Stochastic Variance-Reduced Majorization-Minimization Algorithms

Duy-Nhat Phan,Sedi Bartz,Nilabja Guha,Hung M. Phan
2023-05-11
Abstract:We study a class of nonconvex nonsmooth optimization problems in which the objective is a sum of two functions: One function is the average of a large number of differentiable functions, while the other function is proper, lower semicontinuous and has a surrogate function that satisfies standard assumptions. Such problems arise in machine learning and regularized empirical risk minimization applications. However, nonconvexity and the large-sum structure are challenging for the design of new algorithms. Consequently, effective algorithms for such scenarios are scarce. We introduce and study three stochastic variance-reduced majorization-minimization (MM) algorithms, combining the general MM principle with new variance-reduced techniques. We provide almost surely subsequential convergence of the generated sequence to a stationary point.

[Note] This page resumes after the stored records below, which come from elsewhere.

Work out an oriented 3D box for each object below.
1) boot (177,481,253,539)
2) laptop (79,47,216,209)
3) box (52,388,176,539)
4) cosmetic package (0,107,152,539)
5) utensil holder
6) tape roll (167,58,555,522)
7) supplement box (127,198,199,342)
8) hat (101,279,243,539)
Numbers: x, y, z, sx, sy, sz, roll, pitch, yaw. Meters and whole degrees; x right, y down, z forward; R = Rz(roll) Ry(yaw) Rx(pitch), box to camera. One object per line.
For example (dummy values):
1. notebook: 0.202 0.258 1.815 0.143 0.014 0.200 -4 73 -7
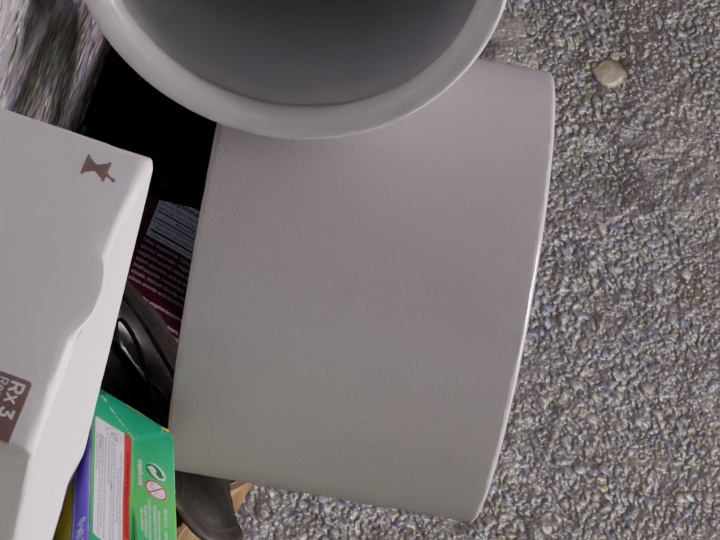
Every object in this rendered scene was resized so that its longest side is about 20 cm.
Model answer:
1. boot: -0.100 0.126 1.127 0.200 0.073 0.076 -48 153 -48
2. laptop: -0.074 -0.114 1.168 0.116 0.199 0.188 33 73 -57
3. box: -0.150 0.149 0.854 0.200 0.048 0.118 -47 -155 21
4. cosmetic package: -0.131 0.046 0.710 0.200 0.081 0.113 110 -2 -54
5. utensil holder: -0.015 -0.176 0.881 0.200 0.169 0.170 -78 -173 -55
6. tape roll: 0.000 0.000 0.958 0.203 0.138 0.204 -170 -90 -89
7. supplement box: -0.137 0.038 1.218 0.109 0.061 0.201 -26 -141 53
8. hat: -0.135 0.059 1.039 0.081 0.201 0.201 -28 -171 8
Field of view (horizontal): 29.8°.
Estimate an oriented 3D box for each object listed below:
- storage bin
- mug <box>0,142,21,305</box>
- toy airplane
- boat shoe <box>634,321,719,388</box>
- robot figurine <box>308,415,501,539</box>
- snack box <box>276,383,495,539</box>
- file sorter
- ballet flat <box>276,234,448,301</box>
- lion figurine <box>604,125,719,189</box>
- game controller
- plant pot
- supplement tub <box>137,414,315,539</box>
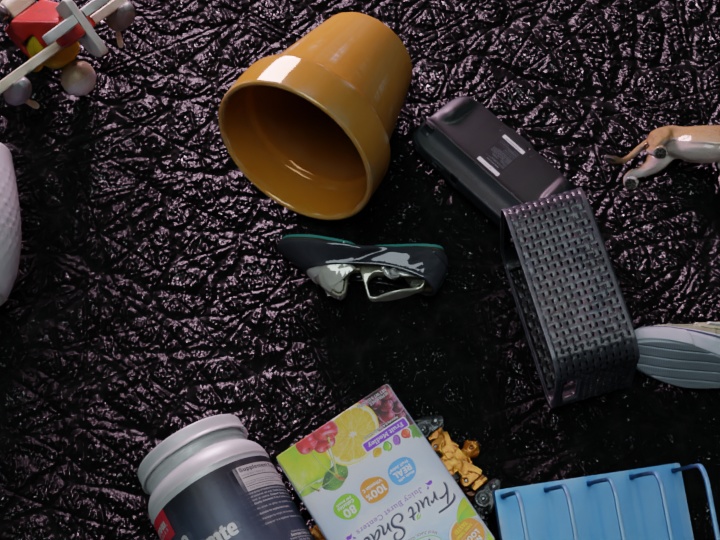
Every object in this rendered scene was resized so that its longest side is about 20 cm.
[{"bbox_3d":[0.222,0.030,1.457,0.093,0.135,0.202,-14,66,-1],"label":"storage bin"},{"bbox_3d":[-0.461,-0.052,1.523,0.146,0.200,0.177,-11,72,-5],"label":"mug"},{"bbox_3d":[-0.356,-0.275,1.640,0.198,0.142,0.200,-16,33,13],"label":"toy airplane"},{"bbox_3d":[0.386,0.087,1.465,0.198,0.072,0.062,9,43,5],"label":"boat shoe"},{"bbox_3d":[0.050,0.248,1.423,0.199,0.058,0.145,-39,69,-10],"label":"robot figurine"},{"bbox_3d":[0.026,0.236,1.370,0.141,0.053,0.201,-32,66,-6],"label":"snack box"},{"bbox_3d":[0.247,0.271,1.337,0.198,0.123,0.140,-8,80,-5],"label":"file sorter"},{"bbox_3d":[0.000,0.000,1.530,0.198,0.073,0.074,4,67,5],"label":"ballet flat"},{"bbox_3d":[0.387,-0.141,1.549,0.198,0.073,0.123,10,34,16],"label":"lion figurine"},{"bbox_3d":[0.156,-0.123,1.588,0.104,0.042,0.200,-36,68,-26],"label":"game controller"},{"bbox_3d":[-0.033,-0.193,1.559,0.199,0.201,0.184,25,55,15],"label":"plant pot"},{"bbox_3d":[-0.132,0.265,1.388,0.139,0.141,0.201,-30,68,-8],"label":"supplement tub"}]

We further show that our algorithms possess the best-known complexity bounds in terms of gradient evaluations. We demonstrate the effectiveness of our algorithms on sparse binary classification problems, sparse multi-class logistic regressions, and neural networks by employing several widely-used and publicly available data sets.
Optimization and Control,Numerical Analysis
What problem does this paper attempt to address?
### Problems Addressed by the Paper The paper primarily addresses a class of non-convex and non-smooth optimization problems, where the objective function consists of two parts: one part is the average of a large number of differentiable functions, and the other part is a suitable, lower semi-continuous function. These types of problems are very common in machine learning and regularized empirical risk minimization applications. However, due to the presence of non-convexity and the large-scale summation structure, designing new algorithms is very challenging. To address this issue, the authors propose three Majorization-Minimization (MM) algorithms based on stochastic variance reduction: 1. **MM-SAGA**: Combines the deterministic MM method with SAGA-style stochastic gradient updates. 2. **MM-SVRG**: Combines the deterministic MM method with loop-free SVRG stochastic gradient estimation. 3. **MM-SARAH**: Combines the deterministic MM method with loop-free SARAH stochastic gradient estimation. These algorithms not only provide almost certain subsequence convergence to a stationary point but also demonstrate the best-known complexity bounds in terms of gradient evaluations. Experimental results show that these algorithms perform excellently in tasks such as sparse binary classification, multi-class logistic regression, and neural network training.